Jusqu’ici, lorsqu’on avait voulu déprécier un ouvrage quelconque, ou le déconsidérer aux yeux de l’abonné patriarcal et naïf, on avait fait des citations fausses ou perfidement isolées; on avait tronqué des phrases et mutilé des vers, de façon que l’auteur lui-même se fût trouvé le plus ridicule du monde; on lui avait intenté des plagiats imaginaires; on rapprochait des passages de son livre avec des passages d’auteurs anciens ou modernes, qui n’y avaient pas le moindre rapport; on l’accusait, en style de cuisinière, et avec force solécismes, de ne pas savoir sa langue, et de dénaturer le français de Racine et de Voltaire; on assurait sérieusement que son ouvrage poussait à l’anthropophagie, et que les lecteurs devenaient immanquablement cannibales ou hydrophobes dans le courant de la semaine; mais tout cela était pauvre, retardataire, faux toupet et fossile au possible À force d’avoir traîné le long des feuilletons et des articles Variétés, l’accusation d’immoralité devenait insuffisante, et tellement hors de service qu’il n’y avait plus guère que le Constitutionnel, journal pudique et progressif, comme on sait, qui eût ce désespéré courage de l’employer encore.

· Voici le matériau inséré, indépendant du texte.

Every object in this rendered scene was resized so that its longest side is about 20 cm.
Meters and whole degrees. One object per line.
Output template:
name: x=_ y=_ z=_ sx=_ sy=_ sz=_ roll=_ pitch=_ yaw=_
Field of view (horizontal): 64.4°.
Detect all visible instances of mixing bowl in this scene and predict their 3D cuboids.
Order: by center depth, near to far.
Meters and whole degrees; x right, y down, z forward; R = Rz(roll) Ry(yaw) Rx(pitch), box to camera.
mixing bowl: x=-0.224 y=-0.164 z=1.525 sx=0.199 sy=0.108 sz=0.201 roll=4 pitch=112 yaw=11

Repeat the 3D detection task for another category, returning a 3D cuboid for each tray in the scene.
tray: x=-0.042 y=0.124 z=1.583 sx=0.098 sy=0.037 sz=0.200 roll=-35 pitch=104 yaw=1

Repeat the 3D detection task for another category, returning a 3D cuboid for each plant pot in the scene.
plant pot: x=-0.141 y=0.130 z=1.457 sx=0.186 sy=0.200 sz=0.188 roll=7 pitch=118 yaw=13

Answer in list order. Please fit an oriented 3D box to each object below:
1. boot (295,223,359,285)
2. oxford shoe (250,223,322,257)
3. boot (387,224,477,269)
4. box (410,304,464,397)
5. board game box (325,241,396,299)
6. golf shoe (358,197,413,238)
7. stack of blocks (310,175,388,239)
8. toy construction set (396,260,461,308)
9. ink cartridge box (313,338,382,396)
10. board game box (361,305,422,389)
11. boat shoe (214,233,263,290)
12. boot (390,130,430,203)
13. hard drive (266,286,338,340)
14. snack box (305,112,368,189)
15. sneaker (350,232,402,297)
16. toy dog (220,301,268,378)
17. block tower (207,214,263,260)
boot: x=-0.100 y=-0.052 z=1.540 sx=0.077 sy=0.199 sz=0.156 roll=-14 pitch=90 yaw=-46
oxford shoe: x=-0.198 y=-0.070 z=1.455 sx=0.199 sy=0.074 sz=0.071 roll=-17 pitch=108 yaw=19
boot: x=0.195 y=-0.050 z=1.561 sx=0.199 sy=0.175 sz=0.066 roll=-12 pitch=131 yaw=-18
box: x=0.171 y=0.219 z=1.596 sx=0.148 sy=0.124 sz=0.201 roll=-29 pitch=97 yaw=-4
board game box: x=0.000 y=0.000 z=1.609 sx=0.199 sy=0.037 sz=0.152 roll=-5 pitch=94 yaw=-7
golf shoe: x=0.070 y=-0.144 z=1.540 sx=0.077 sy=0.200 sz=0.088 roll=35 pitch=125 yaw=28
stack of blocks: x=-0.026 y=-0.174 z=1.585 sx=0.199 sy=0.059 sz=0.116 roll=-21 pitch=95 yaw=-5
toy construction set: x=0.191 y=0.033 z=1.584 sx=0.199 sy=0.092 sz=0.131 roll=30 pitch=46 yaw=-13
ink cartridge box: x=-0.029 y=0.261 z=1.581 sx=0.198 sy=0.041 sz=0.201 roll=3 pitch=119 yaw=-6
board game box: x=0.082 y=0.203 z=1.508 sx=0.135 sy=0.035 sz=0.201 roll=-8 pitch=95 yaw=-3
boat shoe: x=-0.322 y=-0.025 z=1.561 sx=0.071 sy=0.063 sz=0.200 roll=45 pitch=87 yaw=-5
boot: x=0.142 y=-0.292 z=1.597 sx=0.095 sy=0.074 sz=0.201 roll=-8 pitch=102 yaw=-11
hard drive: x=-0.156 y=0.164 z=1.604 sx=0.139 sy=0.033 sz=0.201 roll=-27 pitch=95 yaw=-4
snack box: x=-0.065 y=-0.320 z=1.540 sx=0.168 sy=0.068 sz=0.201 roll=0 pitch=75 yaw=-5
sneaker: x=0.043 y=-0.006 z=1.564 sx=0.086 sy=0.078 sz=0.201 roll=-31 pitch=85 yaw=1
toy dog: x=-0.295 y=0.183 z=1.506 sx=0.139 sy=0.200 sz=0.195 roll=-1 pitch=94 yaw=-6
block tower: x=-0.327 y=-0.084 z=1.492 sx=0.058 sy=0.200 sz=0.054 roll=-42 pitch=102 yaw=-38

L’on a donc inventé la critique d’avenir, la critique prospective. Concevez-vous, du premier coup, comme cela est charmant et provient d’une belle imagination? La recette est simple, et l’on peut vous la dire – Le livre qui sera beau et qu’on louera est le livre qui n’a pas encore paru. Celui qui paraît est infailliblement détestable. Celui de demain sera superbe; mais c’est toujours aujourd’hui.

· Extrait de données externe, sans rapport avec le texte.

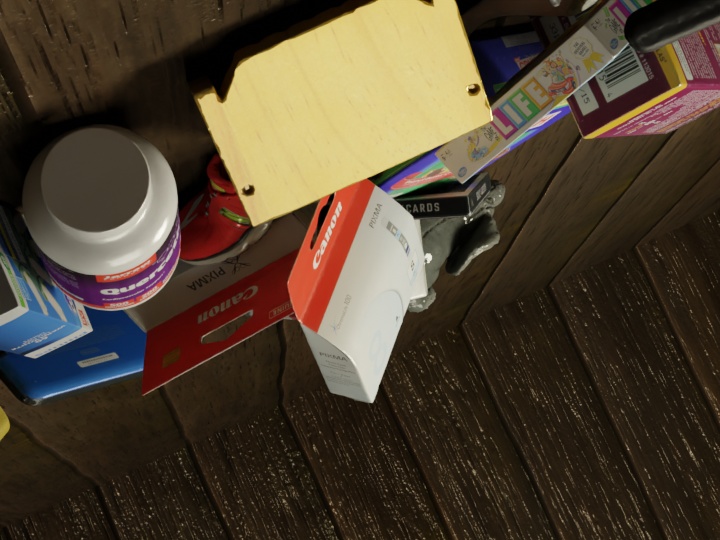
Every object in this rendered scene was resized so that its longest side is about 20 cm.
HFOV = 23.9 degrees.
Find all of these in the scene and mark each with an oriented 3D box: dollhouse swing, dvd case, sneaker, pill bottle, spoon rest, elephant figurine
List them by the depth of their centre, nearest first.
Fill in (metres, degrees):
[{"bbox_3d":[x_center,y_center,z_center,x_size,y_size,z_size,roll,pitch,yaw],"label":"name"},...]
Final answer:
[{"bbox_3d":[-0.192,-0.041,1.276,0.112,0.113,0.200,-23,171,-9],"label":"pill bottle"},{"bbox_3d":[-0.028,-0.155,1.309,0.200,0.176,0.182,-24,129,-2],"label":"dollhouse swing"},{"bbox_3d":[0.135,-0.213,1.377,0.200,0.061,0.099,-43,166,21],"label":"spoon rest"},{"bbox_3d":[-0.110,-0.074,1.496,0.200,0.077,0.085,-33,148,32],"label":"sneaker"},{"bbox_3d":[0.046,-0.072,1.696,0.150,0.025,0.200,-4,-171,10],"label":"dvd case"},{"bbox_3d":[0.097,-0.060,1.954,0.200,0.155,0.142,-34,129,-8],"label":"elephant figurine"}]

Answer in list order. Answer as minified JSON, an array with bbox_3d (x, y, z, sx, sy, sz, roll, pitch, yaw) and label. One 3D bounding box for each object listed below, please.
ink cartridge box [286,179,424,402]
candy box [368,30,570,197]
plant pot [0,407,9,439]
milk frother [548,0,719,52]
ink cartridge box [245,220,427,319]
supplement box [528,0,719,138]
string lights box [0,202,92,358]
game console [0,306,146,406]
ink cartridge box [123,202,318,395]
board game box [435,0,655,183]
[{"bbox_3d":[0.000,0.000,1.494,0.047,0.160,0.200,13,152,18],"label":"ink cartridge box"},{"bbox_3d":[0.094,-0.141,1.557,0.169,0.077,0.200,-15,167,-45],"label":"candy box"},{"bbox_3d":[-0.430,0.141,1.486,0.176,0.200,0.200,-32,177,-40],"label":"plant pot"},{"bbox_3d":[0.182,-0.256,1.065,0.188,0.181,0.200,-27,-147,14],"label":"milk frother"},{"bbox_3d":[-0.056,-0.005,1.680,0.144,0.084,0.200,-13,-171,-42],"label":"ink cartridge box"},{"bbox_3d":[0.249,-0.196,1.494,0.103,0.131,0.200,-29,169,31],"label":"supplement box"},{"bbox_3d":[-0.281,0.006,1.336,0.059,0.103,0.200,-25,171,3],"label":"string lights box"},{"bbox_3d":[-0.318,0.093,1.711,0.200,0.171,0.118,-15,140,-48],"label":"game console"},{"bbox_3d":[-0.130,0.003,1.565,0.200,0.045,0.176,-29,-147,20],"label":"ink cartridge box"},{"bbox_3d":[0.156,-0.158,1.336,0.134,0.034,0.200,-46,-176,-41],"label":"board game box"}]

Il en est de cette critique comme de ce barbier qui avait pour enseigne ces mots écrits en gros caractères:
ICI L’ON RASERA GRATIS DEMAIN.
Tous les pauvres diables qui lisaient la pancarte se promettaient pour le lendemain cette douceur ineffable et souveraine d’être barbifiés une fois en leur vie sans bourse délier: et le poil en poussait d’aise d’un demi-pied au menton pendant la nuitée qui précédait ce bien heureux jour; mais, quand ils avaient la serviette au cou, le frater leur demandait s’ils avaient de l’argent, et qu’ils se préparassent à cracher au bassin, sinon qu’il les accommoderait en abatteurs de noix ou en cueilleurs de pommes du Perche; et il jurait son grand sacredieu qu’il leur trancherait la gorge avec son rasoir, à moins qu’ils ne le payassent, et les pauvres claquedents, tout marmiteux et piteux, d’alléguer la pancarte et la sacro-sainte inscription. – Hé! hé! mes petits bedons! faisait le barbier, vous n’êtes pas grands clercs, et auriez bon besoin de retourner aux écoles! La pancarte dit: Demain. Je ne suis pas si niais et fantastique d’humeur que de raser gratis aujourd’hui; mes confrères diraient que je perds le métier. – Revenez l’autre fois ou la semaine des trois jeudis, vous vous en trouverez on ne peut mieux. Que je devienne ladre vert ou mézeau, si je ne vous le fais gratis, foi d’honnête barbier.
Les auteurs qui lisent un article prospectif, où l’on daube un ouvrage actuel, se flattent que le livre qu’ils font sera le livre de l’avenir. Ils tâchent de s’accommoder, autant que faire se peut, aux idées du critique, et se font sociaux, progressifs, moralisants, palingénésiques, mythiques, panthéistes, buchézistes, croyant par là échapper au formidable anathème; mais il leur arrive ce qui arrivait aux pratiques du barbier: – aujourd’hui n’est pas la veille de demain. Le demain tant promis ne luira jamais sur le monde; car cette formule est trop commode pour qu’on l’abandonne de sitôt. Tout en décriant ce livre dont on est jaloux, et qu’on voudrait anéantir, on se donne les gants de la plus généreuse impartialité. On a l’air de ne pas demander mieux que de trouver bien à louer, et cependant on ne le fait jamais. Cette recette est bien supérieure à celle que l’on pouvait appeler rétrospective et qui consiste à ne vanter que des ouvrages anciens, qu’on ne lit plus et qui ne gênent personne, aux dépens des livres modernes, dont on s’occupe et qui blessent plus directement les amours-propres.